=== TASK OBJECTIVE ===
Would you give the entries below again, precisely as they are written?

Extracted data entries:
****************

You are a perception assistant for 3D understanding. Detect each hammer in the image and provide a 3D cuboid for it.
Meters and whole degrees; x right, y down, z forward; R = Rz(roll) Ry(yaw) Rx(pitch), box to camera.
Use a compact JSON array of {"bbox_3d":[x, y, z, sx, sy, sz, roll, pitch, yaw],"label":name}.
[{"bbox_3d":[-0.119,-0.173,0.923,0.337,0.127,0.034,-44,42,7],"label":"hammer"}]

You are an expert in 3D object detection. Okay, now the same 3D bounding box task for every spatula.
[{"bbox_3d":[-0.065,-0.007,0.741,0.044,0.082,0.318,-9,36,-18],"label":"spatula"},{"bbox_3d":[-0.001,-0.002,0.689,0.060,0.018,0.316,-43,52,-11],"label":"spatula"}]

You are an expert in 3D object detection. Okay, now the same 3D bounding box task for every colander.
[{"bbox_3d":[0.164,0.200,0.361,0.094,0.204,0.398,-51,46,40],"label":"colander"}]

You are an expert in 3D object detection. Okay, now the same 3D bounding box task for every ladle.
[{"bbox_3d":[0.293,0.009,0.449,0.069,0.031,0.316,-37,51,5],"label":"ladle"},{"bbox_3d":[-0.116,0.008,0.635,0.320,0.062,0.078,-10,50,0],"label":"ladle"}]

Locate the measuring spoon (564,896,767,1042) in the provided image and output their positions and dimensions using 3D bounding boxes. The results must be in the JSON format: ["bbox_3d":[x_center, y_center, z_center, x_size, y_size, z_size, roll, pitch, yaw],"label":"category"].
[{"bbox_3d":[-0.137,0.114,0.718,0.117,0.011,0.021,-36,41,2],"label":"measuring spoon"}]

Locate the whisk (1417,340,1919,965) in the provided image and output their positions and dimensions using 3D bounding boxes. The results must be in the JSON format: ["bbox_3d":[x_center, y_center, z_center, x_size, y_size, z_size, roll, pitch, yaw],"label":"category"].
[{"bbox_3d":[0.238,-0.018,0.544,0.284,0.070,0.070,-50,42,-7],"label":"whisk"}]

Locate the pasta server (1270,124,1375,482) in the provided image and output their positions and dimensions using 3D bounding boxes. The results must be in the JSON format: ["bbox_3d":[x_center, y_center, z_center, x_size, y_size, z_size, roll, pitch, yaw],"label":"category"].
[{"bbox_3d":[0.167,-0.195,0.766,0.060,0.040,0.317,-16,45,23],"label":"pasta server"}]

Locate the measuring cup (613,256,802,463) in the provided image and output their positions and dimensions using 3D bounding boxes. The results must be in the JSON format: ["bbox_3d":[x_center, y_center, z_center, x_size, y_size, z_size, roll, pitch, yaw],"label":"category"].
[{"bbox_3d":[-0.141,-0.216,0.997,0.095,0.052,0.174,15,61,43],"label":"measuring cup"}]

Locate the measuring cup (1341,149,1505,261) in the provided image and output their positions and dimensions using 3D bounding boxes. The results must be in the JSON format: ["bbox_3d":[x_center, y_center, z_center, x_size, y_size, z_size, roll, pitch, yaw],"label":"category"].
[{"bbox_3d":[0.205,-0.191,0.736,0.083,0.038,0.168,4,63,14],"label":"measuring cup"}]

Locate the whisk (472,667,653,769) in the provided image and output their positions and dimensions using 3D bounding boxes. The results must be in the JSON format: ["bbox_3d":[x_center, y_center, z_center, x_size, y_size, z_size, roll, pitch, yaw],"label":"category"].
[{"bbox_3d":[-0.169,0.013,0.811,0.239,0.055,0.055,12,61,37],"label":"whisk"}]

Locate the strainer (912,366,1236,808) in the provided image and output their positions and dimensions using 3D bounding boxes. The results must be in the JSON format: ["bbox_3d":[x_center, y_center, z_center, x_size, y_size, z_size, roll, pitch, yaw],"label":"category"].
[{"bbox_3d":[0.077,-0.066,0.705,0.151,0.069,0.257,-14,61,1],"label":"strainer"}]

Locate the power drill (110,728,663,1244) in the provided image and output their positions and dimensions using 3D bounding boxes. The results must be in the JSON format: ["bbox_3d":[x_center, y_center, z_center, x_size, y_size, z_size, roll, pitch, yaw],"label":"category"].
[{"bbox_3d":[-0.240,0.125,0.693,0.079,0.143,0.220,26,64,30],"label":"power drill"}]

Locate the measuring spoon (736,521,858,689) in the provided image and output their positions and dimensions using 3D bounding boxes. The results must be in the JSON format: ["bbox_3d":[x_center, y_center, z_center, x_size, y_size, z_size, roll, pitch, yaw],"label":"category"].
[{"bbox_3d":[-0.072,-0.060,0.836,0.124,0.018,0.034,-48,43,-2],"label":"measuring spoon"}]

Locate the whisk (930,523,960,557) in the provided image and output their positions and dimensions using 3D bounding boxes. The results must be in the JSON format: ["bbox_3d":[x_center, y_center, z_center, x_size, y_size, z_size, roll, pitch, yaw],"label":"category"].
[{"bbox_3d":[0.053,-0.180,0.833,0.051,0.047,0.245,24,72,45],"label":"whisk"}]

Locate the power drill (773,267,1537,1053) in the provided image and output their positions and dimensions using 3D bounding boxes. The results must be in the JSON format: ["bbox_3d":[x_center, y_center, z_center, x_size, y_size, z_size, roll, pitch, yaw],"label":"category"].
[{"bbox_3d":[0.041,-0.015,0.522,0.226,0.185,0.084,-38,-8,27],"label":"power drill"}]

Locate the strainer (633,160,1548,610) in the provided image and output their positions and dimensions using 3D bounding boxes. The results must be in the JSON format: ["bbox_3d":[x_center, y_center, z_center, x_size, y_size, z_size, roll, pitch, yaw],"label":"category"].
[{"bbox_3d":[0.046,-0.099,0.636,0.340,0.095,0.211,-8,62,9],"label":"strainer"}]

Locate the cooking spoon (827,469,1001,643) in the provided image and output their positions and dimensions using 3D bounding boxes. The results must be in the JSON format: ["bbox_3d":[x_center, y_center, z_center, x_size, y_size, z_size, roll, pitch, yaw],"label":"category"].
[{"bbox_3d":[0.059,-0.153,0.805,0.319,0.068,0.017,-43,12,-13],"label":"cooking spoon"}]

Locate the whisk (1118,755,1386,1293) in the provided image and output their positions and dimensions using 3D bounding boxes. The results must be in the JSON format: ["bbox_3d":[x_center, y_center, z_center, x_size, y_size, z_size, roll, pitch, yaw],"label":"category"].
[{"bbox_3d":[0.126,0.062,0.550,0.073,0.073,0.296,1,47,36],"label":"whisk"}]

****************

=== WORKED SOLUTION ===
You are a perception assistant for 3D understanding. Detect each hammer in the image and provide a 3D cuboid for it.
Meters and whole degrees; x right, y down, z forward; R = Rz(roll) Ry(yaw) Rx(pitch), box to camera.
Use a compact JSON array of {"bbox_3d":[x, y, z, sx, sy, sz, roll, pitch, yaw],"label":name}.
[{"bbox_3d":[-0.119,-0.173,0.923,0.337,0.127,0.034,-44,42,7],"label":"hammer"}]

You are an expert in 3D object detection. Okay, now the same 3D bounding box task for every spatula.
[{"bbox_3d":[-0.065,-0.007,0.741,0.044,0.082,0.318,-9,36,-18],"label":"spatula"},{"bbox_3d":[-0.001,-0.002,0.689,0.060,0.018,0.316,-43,52,-11],"label":"spatula"}]

You are an expert in 3D object detection. Okay, now the same 3D bounding box task for every colander.
[{"bbox_3d":[0.164,0.200,0.361,0.094,0.204,0.398,-51,46,40],"label":"colander"}]

You are an expert in 3D object detection. Okay, now the same 3D bounding box task for every ladle.
[{"bbox_3d":[0.293,0.009,0.449,0.069,0.031,0.316,-37,51,5],"label":"ladle"},{"bbox_3d":[-0.116,0.008,0.635,0.320,0.062,0.078,-10,50,0],"label":"ladle"}]

Locate the measuring spoon (564,896,767,1042) in the provided image and output their positions and dimensions using 3D bounding boxes. The results must be in the JSON format: ["bbox_3d":[x_center, y_center, z_center, x_size, y_size, z_size, roll, pitch, yaw],"label":"category"].
[{"bbox_3d":[-0.137,0.114,0.718,0.117,0.011,0.021,-36,41,2],"label":"measuring spoon"}]

Locate the whisk (1417,340,1919,965) in the provided image and output their positions and dimensions using 3D bounding boxes. The results must be in the JSON format: ["bbox_3d":[x_center, y_center, z_center, x_size, y_size, z_size, roll, pitch, yaw],"label":"category"].
[{"bbox_3d":[0.238,-0.018,0.544,0.284,0.070,0.070,-50,42,-7],"label":"whisk"}]

Locate the pasta server (1270,124,1375,482) in the provided image and output their positions and dimensions using 3D bounding boxes. The results must be in the JSON format: ["bbox_3d":[x_center, y_center, z_center, x_size, y_size, z_size, roll, pitch, yaw],"label":"category"].
[{"bbox_3d":[0.167,-0.195,0.766,0.060,0.040,0.317,-16,45,23],"label":"pasta server"}]

Locate the measuring cup (613,256,802,463) in the provided image and output their positions and dimensions using 3D bounding boxes. The results must be in the JSON format: ["bbox_3d":[x_center, y_center, z_center, x_size, y_size, z_size, roll, pitch, yaw],"label":"category"].
[{"bbox_3d":[-0.141,-0.216,0.997,0.095,0.052,0.174,15,61,43],"label":"measuring cup"}]

Locate the measuring cup (1341,149,1505,261) in the provided image and output their positions and dimensions using 3D bounding boxes. The results must be in the JSON format: ["bbox_3d":[x_center, y_center, z_center, x_size, y_size, z_size, roll, pitch, yaw],"label":"category"].
[{"bbox_3d":[0.205,-0.191,0.736,0.083,0.038,0.168,4,63,14],"label":"measuring cup"}]

Locate the whisk (472,667,653,769) in the provided image and output their positions and dimensions using 3D bounding boxes. The results must be in the JSON format: ["bbox_3d":[x_center, y_center, z_center, x_size, y_size, z_size, roll, pitch, yaw],"label":"category"].
[{"bbox_3d":[-0.169,0.013,0.811,0.239,0.055,0.055,12,61,37],"label":"whisk"}]

Locate the strainer (912,366,1236,808) in the provided image and output their positions and dimensions using 3D bounding boxes. The results must be in the JSON format: ["bbox_3d":[x_center, y_center, z_center, x_size, y_size, z_size, roll, pitch, yaw],"label":"category"].
[{"bbox_3d":[0.077,-0.066,0.705,0.151,0.069,0.257,-14,61,1],"label":"strainer"}]

Locate the power drill (110,728,663,1244) in the provided image and output their positions and dimensions using 3D bounding boxes. The results must be in the JSON format: ["bbox_3d":[x_center, y_center, z_center, x_size, y_size, z_size, roll, pitch, yaw],"label":"category"].
[{"bbox_3d":[-0.240,0.125,0.693,0.079,0.143,0.220,26,64,30],"label":"power drill"}]

Locate the measuring spoon (736,521,858,689) in the provided image and output their positions and dimensions using 3D bounding boxes. The results must be in the JSON format: ["bbox_3d":[x_center, y_center, z_center, x_size, y_size, z_size, roll, pitch, yaw],"label":"category"].
[{"bbox_3d":[-0.072,-0.060,0.836,0.124,0.018,0.034,-48,43,-2],"label":"measuring spoon"}]

Locate the whisk (930,523,960,557) in the provided image and output their positions and dimensions using 3D bounding boxes. The results must be in the JSON format: ["bbox_3d":[x_center, y_center, z_center, x_size, y_size, z_size, roll, pitch, yaw],"label":"category"].
[{"bbox_3d":[0.053,-0.180,0.833,0.051,0.047,0.245,24,72,45],"label":"whisk"}]

Locate the power drill (773,267,1537,1053) in the provided image and output their positions and dimensions using 3D bounding boxes. The results must be in the JSON format: ["bbox_3d":[x_center, y_center, z_center, x_size, y_size, z_size, roll, pitch, yaw],"label":"category"].
[{"bbox_3d":[0.041,-0.015,0.522,0.226,0.185,0.084,-38,-8,27],"label":"power drill"}]

Locate the strainer (633,160,1548,610) in the provided image and output their positions and dimensions using 3D bounding boxes. The results must be in the JSON format: ["bbox_3d":[x_center, y_center, z_center, x_size, y_size, z_size, roll, pitch, yaw],"label":"category"].
[{"bbox_3d":[0.046,-0.099,0.636,0.340,0.095,0.211,-8,62,9],"label":"strainer"}]

Locate the cooking spoon (827,469,1001,643) in the provided image and output their positions and dimensions using 3D bounding boxes. The results must be in the JSON format: ["bbox_3d":[x_center, y_center, z_center, x_size, y_size, z_size, roll, pitch, yaw],"label":"category"].
[{"bbox_3d":[0.059,-0.153,0.805,0.319,0.068,0.017,-43,12,-13],"label":"cooking spoon"}]

Locate the whisk (1118,755,1386,1293) in the provided image and output their positions and dimensions using 3D bounding boxes. The results must be in the JSON format: ["bbox_3d":[x_center, y_center, z_center, x_size, y_size, z_size, roll, pitch, yaw],"label":"category"].
[{"bbox_3d":[0.126,0.062,0.550,0.073,0.073,0.296,1,47,36],"label":"whisk"}]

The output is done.